His friend fired back: “What about the women and children who were there?”

“This is God’s will,” he answered. “They deserved what happened.”

The two said goodbye. It was normal for them to talk, and Sattar would call back later with more information about the damage.

The two men had been friends for 10 years, and they were friends still, despite Sattar’s alliance with the locals who had forced Abu Ali from his home. Sattar remained loyal because Abu Ali had stood up for him when Sattar’s own brothers tried to cheat their sibling of money. Still, Abu Ali thought that his old friend frightened easily and never would help him in times of danger.

Their friendship shows the intimate nature of the war in Iraq – a war in which your enemies are often people you’ve known much of your life; in which your neighbors are often behind the very crimes committed against you; in which every slight, every injustice is recorded and the desire for vengeance runs deep.

At noon the day his home was destroyed, satellite news channels started broadcasting footage of the gutted block. Only then did his wife start crying. People from Washash claimed innocent civilians had been killed, while the U.S. military said fighters had sprayed gunfire from rooftops. Police put the death toll at 14.

Abu Ali didn’t care that the house was gone. He associated it with his dead son, Ali. “Everything is a bad memory,” he said.

Until they fled, he had lived on a quiet street in Washash. It was affordable on his salary running a small textile shop that manufactured women’s clothing. He even had gotten along well with the Mahdi Army. Some of his neighbors had joined the militia, and he readily paid them a protection fee of $3 per month to guard his district. “It was a good arrangement,” he said.

Then, in February 2006, the bombing of the Shiite Al Askari mosque in Samarra changed everything. The militia began targeting Sunnis, and Abu Ali watched as his friends and acquaintances started to vanish.

But Abu Ali thought he was safe. Everyone loved him and his six sons and two daughters. He was confident his neighbors would not betray him. Most of the young men on his street had joined the Mahdi Army, but he had been good to everybody.

But after Samarra, his neighbors were emboldened and wanted his house for their relatives. First Tayseer told Abu Ali’s sons in a friendly way it would be better if they left Washash.

Then Tayseer’s uncle Hassan visited Abu Ali. He advised him to leave Washash by September and suggested Abu Ali rent his house to him. Abu Ali ignored the deadline. He didn’t want to leave his white stucco home, with its evergreen bushes and jasmine vines.

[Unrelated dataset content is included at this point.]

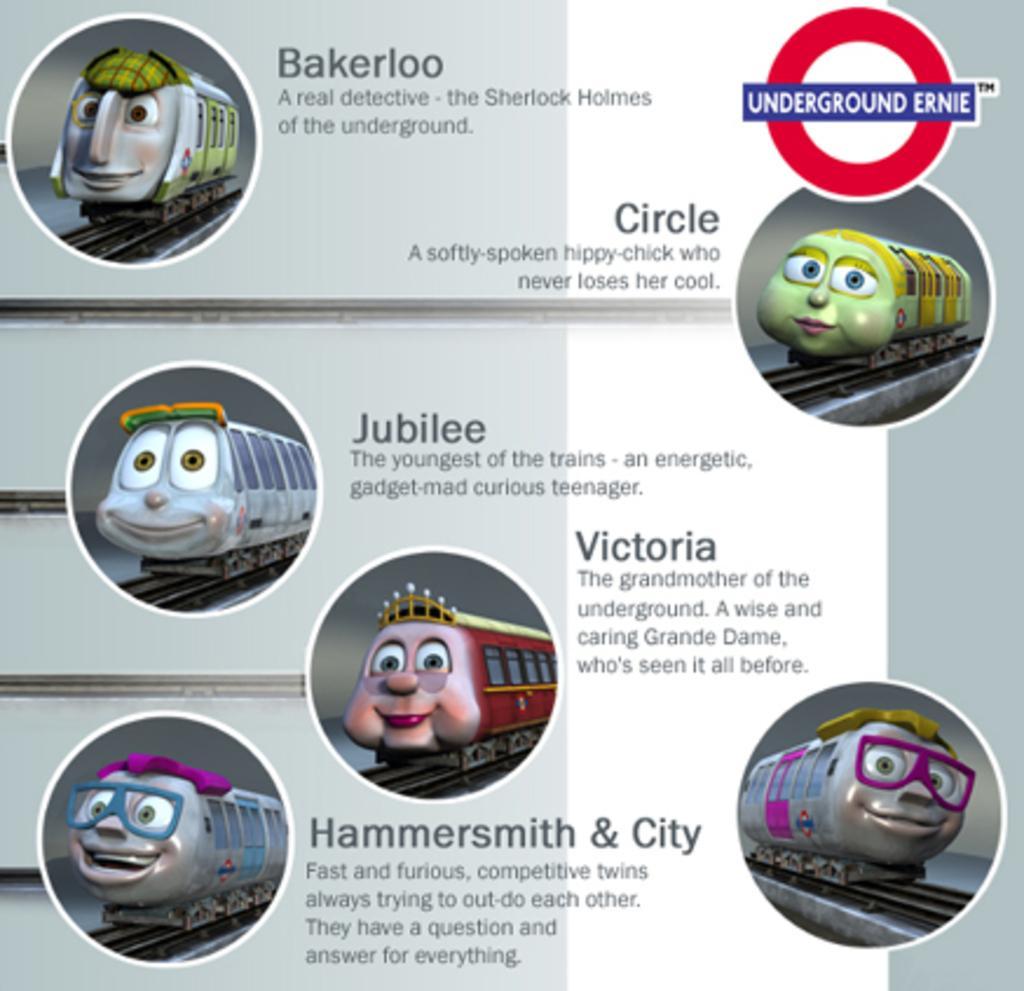Could you give a brief overview of what you see in this image? There is a poster in which, there are cartoon images and texts. These cartoon images are having trains. The background of this poster is gray in color.

He was determined to wait at least until Hassan was forced to rent another house. He said he hated Hassan, who was in the Mahdi Army, and would rather rent his home to anyone else but him. He never had liked him.

When he was sure Hassan had signed a lease, Abu Ali loaded up his furniture, his sewing machines, television and dining room table and left for Ghazaliyah, where his two sisters lived.

Meanwhile, his son Ali had been hired to work in western Baghdad’s Mansour district at a bakery delivering cakes with his Shiite friend Haidar. In June, they had finished a delivery and were on their way back to Mansour when two cars blocked their 1982 Toyota Crown Super Salon. A group of armed men blindfolded them.

They threw Haidar in a car and left him at a roundabout in Washash. Early the next morning, Ali, only 17, was found on the street parallel to the house where he grew up.

After being freed, Haidar fled Baghdad, terrified his kidnappers would seek him out again. But Haidar’s uncle told Abu Ali one of the kidnappers had been called Tayseer. Abu Ali became convinced his old neighbors were responsible.